We observe that GenericAgent is the most balanced agent, achieving performance comparable to the best-performing models while requiring significantly fewer resources. It maintains top-level accuracy while operating with fewer requests, faster execution, and substantially lower token usage. Specifically, GenericAgent uses only 188,829 tokens, compared to over 537,000 tokens for Claude Code and over 633,000 tokens for OpenClaw. This corresponds to approximately 2.8× lower token usage than Claude Code and 3.3× lower than OpenClaw.

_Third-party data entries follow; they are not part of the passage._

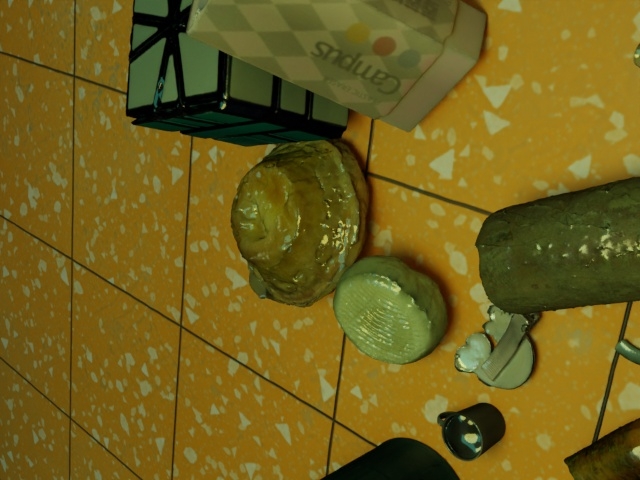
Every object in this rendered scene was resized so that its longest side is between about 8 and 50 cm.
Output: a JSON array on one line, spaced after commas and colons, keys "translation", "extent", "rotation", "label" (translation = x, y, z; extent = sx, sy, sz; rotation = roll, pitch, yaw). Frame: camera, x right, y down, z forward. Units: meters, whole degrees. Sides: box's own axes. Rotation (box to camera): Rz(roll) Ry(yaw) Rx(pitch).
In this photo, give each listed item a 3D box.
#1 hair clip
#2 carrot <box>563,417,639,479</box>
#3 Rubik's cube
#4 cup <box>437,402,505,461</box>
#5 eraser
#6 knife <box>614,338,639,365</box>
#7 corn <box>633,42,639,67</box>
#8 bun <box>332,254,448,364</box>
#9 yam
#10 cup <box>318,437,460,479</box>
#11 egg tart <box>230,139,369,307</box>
[{"translation": [0.282, 0.169, 1.246], "extent": [0.116, 0.049, 0.172], "rotation": [49, 132, 31], "label": "hair clip"}, {"translation": [0.417, 0.305, 1.117], "extent": [0.173, 0.082, 0.082], "rotation": [-47, 66, 37], "label": "carrot"}, {"translation": [-0.131, -0.321, 1.348], "extent": [0.288, 0.283, 0.294], "rotation": [4, 91, 44], "label": "Rubik's cube"}, {"translation": [0.239, 0.299, 1.295], "extent": [0.100, 0.077, 0.078], "rotation": [23, 115, 39], "label": "cup"}, {"translation": [0.031, -0.312, 1.152], "extent": [0.213, 0.396, 0.082], "rotation": [-47, 35, 40], "label": "eraser"}, {"translation": [0.489, 0.180, 1.064], "extent": [0.210, 0.015, 0.028], "rotation": [23, 109, 39], "label": "knife"}, {"translation": [0.516, -0.171, 0.879], "extent": [0.346, 0.130, 0.130], "rotation": [24, 115, 36], "label": "corn"}, {"translation": [0.122, 0.108, 1.335], "extent": [0.195, 0.118, 0.196], "rotation": [17, 124, 27], "label": "bun"}, {"translation": [0.353, 0.010, 1.061], "extent": [0.268, 0.161, 0.161], "rotation": [-14, 89, 43], "label": "yam"}, {"translation": [0.056, 0.508, 1.372], "extent": [0.307, 0.292, 0.242], "rotation": [-31, 77, 43], "label": "cup"}, {"translation": [-0.057, -0.041, 1.446], "extent": [0.341, 0.129, 0.342], "rotation": [-4, 85, 44], "label": "egg tart"}]

The table below shows prompt length after adding 20 skills under intensive usage with minimal input. GenericAgent (GA) prevents uncontrolled context growth.
| System | Full Prompt Length (tokens) |
| OpenClaw | 43,321 |
| CodeX | 23,932 |
| Claude Code | 22,821 |
| GenericAgent | 2,298 |
Quick start guide to GenericAgent
Follow the installation steps in the GitHub repository. In summary, there are two install methods:
- run a one-line command that downloads and executes an install script
- git-clone the repository and install the Python dependencies
Afterwards, you must to set your LLM API key by editing the “mykey.py” file. It supports OpenAI-compatible APIs and Anthropic Claude native APIs.
Finally, you can launch one of the frontends specified in the README. You have these choices: a desktop GUI, a terminal UI and a Streamlit UI.
Conclusion
GenericAgent represents a significant departure from the bigger is better trend in AI development. While the industry often achieves performance through massive context windows and complex, multi-agent orchestrations, GA proves that a minimalist seed architecture can be more effective, efficient, and adaptable.
By reducing the system prompt by 90% and relying on just 9 atomic tools, GA avoids the complexity of traditional automation.
The agent’s true strength is its Self-Evolution Layer, which distills complex, trial-and-error interactions into permanent, executable SOPs. The agent becomes faster, cheaper, and more personalized with every task it completes.